Figure Skating in Harlem students pose for at the Figure Skating in Harlem 25th Anniversary Gala on April 25, 2022 in New York City.
Currently, about 130 girls from Harlem, upper Manhattan and lower Bronx are enrolled in the program, but Jordan expects this number to grow to 180-190 as New York City continues to recovery from the COVID-19 pandemic. All attend the FSH Academic Center one or two days a week for tutoring and homework help, as well as social and emotional workshops and small group interactions designed to help build sisterhood.
FSH students aim for an “A” average, are in good standing with a “B” average and must attend extra homework tutoring with a “C” average. Girls with a “B” average or better get two figure skating sessions per week.
“Obviously, figure skating is an expensive sport,” Jordan said. “Our students get far fewer sessions per week on the ice, compared to what many other skaters get in terms of private lessons. We have a synchronized skating team (Harlem Ice) that goes to a couple of competitions each year, and they get an extra session or two per week, yet they medal in spaces where they don’t necessarily have as much access.”
FSH alumni Sandra Williams (2006-2015) remembers how the lure of gaining time on the ice encouraged her to focus on her grades.
“I love skating, and the only way I would be able to skate is if my grades were in check,” said Williams, now a college graduate and senior media planner for the Black Entertainment Network. “And they have tutoring, they have the STEM program, they have financial literacy classes. That always kept us ready to go, especially in our college prep classes.”
One of FSH’s newest initiatives, Pipeline to Power, extends the program to young alumni aged 18-25 as they enter college and, later, begin to build their professional lives.
“Access to college can sometimes be difficult for Black and brown students,” Jordan said. “Our programming is very focused on helping our girls with applications, applying for financial aid, writing their college essays and thinking about the different pathways they can take based on their current interests and needs.
“We also know there is underrepresentation of Black and brown women in mid-level and executive leadership roles,” she added. “Pipeline to Power allows us to mentor our girls throughout college and career (by) tapping into our robust alumni and professional network, and to really match our students with other women who can support them in their professional journeys.”
A recent alumni reunion brought many former students back into the fold; some shared their professional journeys with current students.

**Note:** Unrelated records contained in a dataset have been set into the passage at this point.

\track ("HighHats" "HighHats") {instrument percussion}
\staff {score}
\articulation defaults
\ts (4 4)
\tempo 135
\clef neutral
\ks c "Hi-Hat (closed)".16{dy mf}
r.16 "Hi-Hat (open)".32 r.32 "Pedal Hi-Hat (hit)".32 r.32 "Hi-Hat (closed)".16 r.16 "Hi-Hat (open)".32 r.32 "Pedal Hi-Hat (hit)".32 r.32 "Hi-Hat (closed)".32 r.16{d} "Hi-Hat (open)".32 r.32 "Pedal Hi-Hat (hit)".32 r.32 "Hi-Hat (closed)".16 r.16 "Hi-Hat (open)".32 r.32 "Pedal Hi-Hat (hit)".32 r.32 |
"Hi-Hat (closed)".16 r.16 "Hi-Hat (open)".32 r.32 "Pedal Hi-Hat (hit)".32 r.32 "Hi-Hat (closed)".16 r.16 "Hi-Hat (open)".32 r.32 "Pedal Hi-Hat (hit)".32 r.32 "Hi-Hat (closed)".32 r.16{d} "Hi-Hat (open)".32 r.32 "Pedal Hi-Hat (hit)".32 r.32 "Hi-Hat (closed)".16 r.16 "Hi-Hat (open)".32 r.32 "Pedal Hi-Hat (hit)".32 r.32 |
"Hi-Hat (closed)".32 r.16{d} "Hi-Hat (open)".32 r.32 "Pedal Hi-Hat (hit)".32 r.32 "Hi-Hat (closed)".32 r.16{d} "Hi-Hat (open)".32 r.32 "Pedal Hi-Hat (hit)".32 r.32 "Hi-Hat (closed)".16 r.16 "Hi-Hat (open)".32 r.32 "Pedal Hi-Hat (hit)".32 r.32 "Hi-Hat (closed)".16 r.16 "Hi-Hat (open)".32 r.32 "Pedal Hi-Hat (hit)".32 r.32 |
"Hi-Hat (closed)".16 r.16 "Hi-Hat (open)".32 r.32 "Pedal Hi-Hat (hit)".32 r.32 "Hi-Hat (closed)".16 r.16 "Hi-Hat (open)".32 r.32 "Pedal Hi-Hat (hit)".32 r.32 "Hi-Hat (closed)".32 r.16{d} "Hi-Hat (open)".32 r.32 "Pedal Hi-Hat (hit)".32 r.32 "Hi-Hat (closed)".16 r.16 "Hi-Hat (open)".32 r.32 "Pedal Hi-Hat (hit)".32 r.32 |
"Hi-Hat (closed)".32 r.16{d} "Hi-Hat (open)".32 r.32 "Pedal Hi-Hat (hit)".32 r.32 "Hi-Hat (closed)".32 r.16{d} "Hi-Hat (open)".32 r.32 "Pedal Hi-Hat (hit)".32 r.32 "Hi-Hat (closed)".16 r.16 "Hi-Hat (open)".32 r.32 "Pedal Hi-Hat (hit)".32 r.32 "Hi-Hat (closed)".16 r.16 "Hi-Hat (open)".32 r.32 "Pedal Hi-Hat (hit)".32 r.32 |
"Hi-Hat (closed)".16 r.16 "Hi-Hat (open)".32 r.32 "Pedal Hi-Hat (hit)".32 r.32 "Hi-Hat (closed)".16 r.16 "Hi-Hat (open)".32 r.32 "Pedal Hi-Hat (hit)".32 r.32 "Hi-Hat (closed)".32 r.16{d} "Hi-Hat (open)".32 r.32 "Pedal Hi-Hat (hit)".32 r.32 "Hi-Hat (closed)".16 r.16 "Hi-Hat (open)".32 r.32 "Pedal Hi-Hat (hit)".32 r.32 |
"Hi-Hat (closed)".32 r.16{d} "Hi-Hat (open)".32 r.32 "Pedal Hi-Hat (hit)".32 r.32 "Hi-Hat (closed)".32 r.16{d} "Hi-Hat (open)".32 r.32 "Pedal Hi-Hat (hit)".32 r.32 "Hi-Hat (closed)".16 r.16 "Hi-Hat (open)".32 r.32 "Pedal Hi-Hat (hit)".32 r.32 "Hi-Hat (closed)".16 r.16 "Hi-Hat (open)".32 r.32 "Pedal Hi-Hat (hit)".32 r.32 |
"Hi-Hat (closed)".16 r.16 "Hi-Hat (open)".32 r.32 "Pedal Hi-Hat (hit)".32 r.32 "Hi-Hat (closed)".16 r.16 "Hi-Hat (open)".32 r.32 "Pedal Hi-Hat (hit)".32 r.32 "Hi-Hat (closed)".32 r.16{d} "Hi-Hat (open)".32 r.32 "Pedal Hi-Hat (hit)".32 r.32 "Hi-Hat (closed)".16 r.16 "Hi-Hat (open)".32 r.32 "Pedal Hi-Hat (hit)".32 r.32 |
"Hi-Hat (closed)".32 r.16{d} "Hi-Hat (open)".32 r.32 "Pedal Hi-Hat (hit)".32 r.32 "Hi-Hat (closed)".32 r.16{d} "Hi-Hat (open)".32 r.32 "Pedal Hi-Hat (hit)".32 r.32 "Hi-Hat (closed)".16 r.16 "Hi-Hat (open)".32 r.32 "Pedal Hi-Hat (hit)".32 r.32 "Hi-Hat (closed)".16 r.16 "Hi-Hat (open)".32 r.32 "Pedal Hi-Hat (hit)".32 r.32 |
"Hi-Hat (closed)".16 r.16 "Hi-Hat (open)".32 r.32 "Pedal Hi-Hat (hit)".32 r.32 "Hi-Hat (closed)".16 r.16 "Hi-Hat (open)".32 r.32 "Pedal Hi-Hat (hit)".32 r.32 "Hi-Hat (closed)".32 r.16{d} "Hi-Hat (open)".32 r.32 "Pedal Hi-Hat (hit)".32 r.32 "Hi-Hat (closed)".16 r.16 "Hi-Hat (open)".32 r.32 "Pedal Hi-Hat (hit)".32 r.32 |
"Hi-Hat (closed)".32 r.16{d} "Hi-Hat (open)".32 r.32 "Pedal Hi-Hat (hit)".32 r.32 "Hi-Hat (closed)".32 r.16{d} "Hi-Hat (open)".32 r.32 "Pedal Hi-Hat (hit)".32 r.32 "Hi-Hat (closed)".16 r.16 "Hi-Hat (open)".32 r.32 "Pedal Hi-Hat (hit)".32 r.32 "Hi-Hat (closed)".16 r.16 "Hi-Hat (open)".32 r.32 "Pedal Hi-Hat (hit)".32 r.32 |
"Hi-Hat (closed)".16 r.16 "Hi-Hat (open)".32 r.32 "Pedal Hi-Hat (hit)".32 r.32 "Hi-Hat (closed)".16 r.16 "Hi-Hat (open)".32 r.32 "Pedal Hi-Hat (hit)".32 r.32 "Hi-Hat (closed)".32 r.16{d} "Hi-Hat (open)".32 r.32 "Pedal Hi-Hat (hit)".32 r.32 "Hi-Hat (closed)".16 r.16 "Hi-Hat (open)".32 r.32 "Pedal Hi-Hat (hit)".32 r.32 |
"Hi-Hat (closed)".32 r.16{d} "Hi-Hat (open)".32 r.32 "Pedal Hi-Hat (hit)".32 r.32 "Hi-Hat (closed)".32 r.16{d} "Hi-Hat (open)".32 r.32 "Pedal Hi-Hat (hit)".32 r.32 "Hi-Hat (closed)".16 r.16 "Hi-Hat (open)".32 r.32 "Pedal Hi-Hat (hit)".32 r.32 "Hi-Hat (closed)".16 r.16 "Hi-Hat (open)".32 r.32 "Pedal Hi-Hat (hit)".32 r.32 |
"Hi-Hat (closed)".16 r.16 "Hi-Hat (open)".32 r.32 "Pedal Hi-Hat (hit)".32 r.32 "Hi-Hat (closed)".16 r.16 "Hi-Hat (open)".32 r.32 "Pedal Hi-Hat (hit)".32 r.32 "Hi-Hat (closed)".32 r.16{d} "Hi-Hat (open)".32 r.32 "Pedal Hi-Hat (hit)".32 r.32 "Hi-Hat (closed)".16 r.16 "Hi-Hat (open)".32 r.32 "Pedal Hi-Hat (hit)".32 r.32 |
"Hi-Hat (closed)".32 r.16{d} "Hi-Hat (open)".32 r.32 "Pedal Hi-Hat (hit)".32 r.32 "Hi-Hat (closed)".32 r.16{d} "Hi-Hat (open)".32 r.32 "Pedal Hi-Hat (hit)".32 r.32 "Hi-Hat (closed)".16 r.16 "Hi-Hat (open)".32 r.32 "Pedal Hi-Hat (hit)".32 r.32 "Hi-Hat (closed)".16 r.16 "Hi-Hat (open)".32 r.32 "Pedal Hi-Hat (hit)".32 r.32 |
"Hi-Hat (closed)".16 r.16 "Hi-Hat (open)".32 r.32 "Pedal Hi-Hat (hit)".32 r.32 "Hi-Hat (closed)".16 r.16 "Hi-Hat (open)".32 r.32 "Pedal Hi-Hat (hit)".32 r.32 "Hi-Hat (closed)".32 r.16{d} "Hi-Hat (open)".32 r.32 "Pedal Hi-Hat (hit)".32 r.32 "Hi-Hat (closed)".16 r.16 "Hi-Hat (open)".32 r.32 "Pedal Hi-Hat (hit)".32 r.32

“There are a couple of areas we are focusing on,” Jordan said. “One is understanding how you think about leadership skills. Another is self-advocacy, and communication tools you can utilize as a woman starting off in a career. … And then there is this sort of alumni career track, which focuses on connecting our students to internships and job opportunities across different professional fields.”

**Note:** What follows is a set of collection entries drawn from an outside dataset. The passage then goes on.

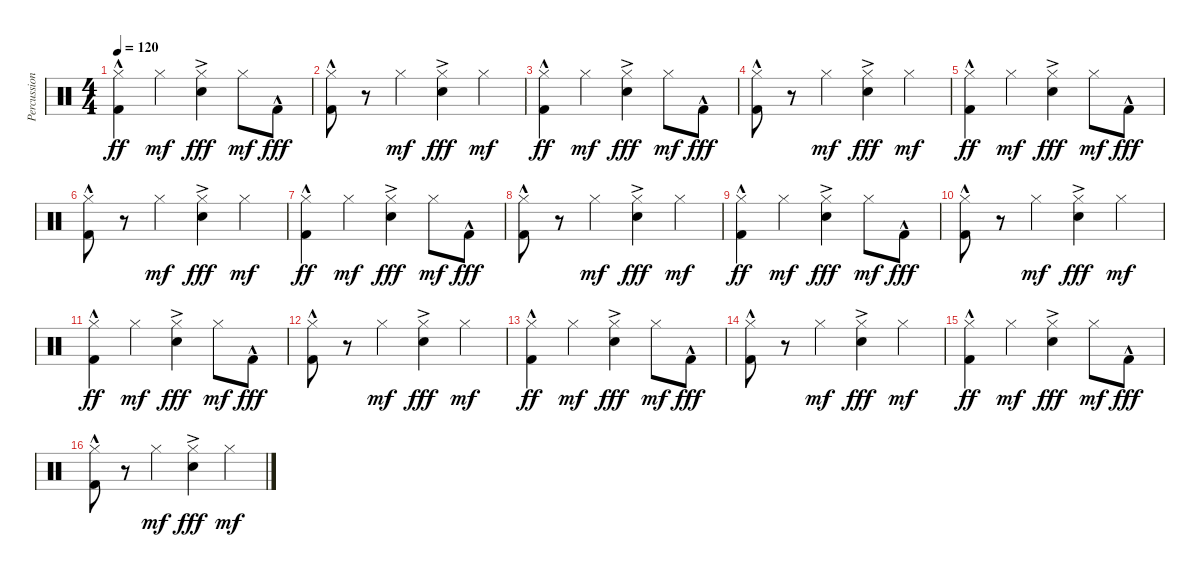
\track ("Percussion" "Percussion") {instrument percussion}
\staff {score}
\articulation defaults
\ts (4 4)
\tempo 120
\clef neutral
\ks c
("Hi-Hat (closed)" "Kick (hit) 2"{hac}).4{dy ff} "Hi-Hat (closed)".4{dy mf} ("Hi-Hat (closed)" "Electric Snare (hit)"{ac}).4{dy fff} "Hi-Hat (closed)".8{dy mf} "Kick (hit) 2"{hac}.8{dy fff} |
("Hi-Hat (closed)" "Kick (hit) 2"{hac}).8 r.8 "Hi-Hat (closed)".4{dy mf} ("Hi-Hat (closed)" "Electric Snare (hit)"{ac}).4{dy fff} "Hi-Hat (closed)".4{dy mf} |
("Hi-Hat (closed)" "Kick (hit) 2"{hac}).4{dy ff} "Hi-Hat (closed)".4{dy mf} ("Hi-Hat (closed)" "Electric Snare (hit)"{ac}).4{dy fff} "Hi-Hat (closed)".8{dy mf} "Kick (hit) 2"{hac}.8{dy fff} |
("Hi-Hat (closed)" "Kick (hit) 2"{hac}).8 r.8 "Hi-Hat (closed)".4{dy mf} ("Hi-Hat (closed)" "Electric Snare (hit)"{ac}).4{dy fff} "Hi-Hat (closed)".4{dy mf} |
("Hi-Hat (closed)" "Kick (hit) 2"{hac}).4{dy ff} "Hi-Hat (closed)".4{dy mf} ("Hi-Hat (closed)" "Electric Snare (hit)"{ac}).4{dy fff} "Hi-Hat (closed)".8{dy mf} "Kick (hit) 2"{hac}.8{dy fff} |
("Hi-Hat (closed)" "Kick (hit) 2"{hac}).8 r.8 "Hi-Hat (closed)".4{dy mf} ("Hi-Hat (closed)" "Electric Snare (hit)"{ac}).4{dy fff} "Hi-Hat (closed)".4{dy mf} |
("Hi-Hat (closed)" "Kick (hit) 2"{hac}).4{dy ff} "Hi-Hat (closed)".4{dy mf} ("Hi-Hat (closed)" "Electric Snare (hit)"{ac}).4{dy fff} "Hi-Hat (closed)".8{dy mf} "Kick (hit) 2"{hac}.8{dy fff} |
("Hi-Hat (closed)" "Kick (hit) 2"{hac}).8 r.8 "Hi-Hat (closed)".4{dy mf} ("Hi-Hat (closed)" "Electric Snare (hit)"{ac}).4{dy fff} "Hi-Hat (closed)".4{dy mf} |
("Hi-Hat (closed)" "Kick (hit) 2"{hac}).4{dy ff} "Hi-Hat (closed)".4{dy mf} ("Hi-Hat (closed)" "Electric Snare (hit)"{ac}).4{dy fff} "Hi-Hat (closed)".8{dy mf} "Kick (hit) 2"{hac}.8{dy fff} |
("Hi-Hat (closed)" "Kick (hit) 2"{hac}).8 r.8 "Hi-Hat (closed)".4{dy mf} ("Hi-Hat (closed)" "Electric Snare (hit)"{ac}).4{dy fff} "Hi-Hat (closed)".4{dy mf} |
("Hi-Hat (closed)" "Kick (hit) 2"{hac}).4{dy ff} "Hi-Hat (closed)".4{dy mf} ("Hi-Hat (closed)" "Electric Snare (hit)"{ac}).4{dy fff} "Hi-Hat (closed)".8{dy mf} "Kick (hit) 2"{hac}.8{dy fff} |
("Hi-Hat (closed)" "Kick (hit) 2"{hac}).8 r.8 "Hi-Hat (closed)".4{dy mf} ("Hi-Hat (closed)" "Electric Snare (hit)"{ac}).4{dy fff} "Hi-Hat (closed)".4{dy mf} |
("Hi-Hat (closed)" "Kick (hit) 2"{hac}).4{dy ff} "Hi-Hat (closed)".4{dy mf} ("Hi-Hat (closed)" "Electric Snare (hit)"{ac}).4{dy fff} "Hi-Hat (closed)".8{dy mf} "Kick (hit) 2"{hac}.8{dy fff} |
("Hi-Hat (closed)" "Kick (hit) 2"{hac}).8 r.8 "Hi-Hat (closed)".4{dy mf} ("Hi-Hat (closed)" "Electric Snare (hit)"{ac}).4{dy fff} "Hi-Hat (closed)".4{dy mf} |
("Hi-Hat (closed)" "Kick (hit) 2"{hac}).4{dy ff} "Hi-Hat (closed)".4{dy mf} ("Hi-Hat (closed)" "Electric Snare (hit)"{ac}).4{dy fff} "Hi-Hat (closed)".8{dy mf} "Kick (hit) 2"{hac}.8{dy fff} |
("Hi-Hat (closed)" "Kick (hit) 2"{hac}).8 r.8 "Hi-Hat (closed)".4{dy mf} ("Hi-Hat (closed)" "Electric Snare (hit)"{ac}).4{dy fff} "Hi-Hat (closed)".4{dy mf}

Williams credits FSH’s multi-pronged approach with helping her launch her own professional career.
“I probably wouldn’t have said ‘yes’ to an interview like this when I was younger,” she said. “Just being able to have those public speaking skills, and that sisterhood — the feeling of not being judged by the world, that everyone is just there to hear you speak and share ideas — was what kept me with the program and still working with it after I graduated.”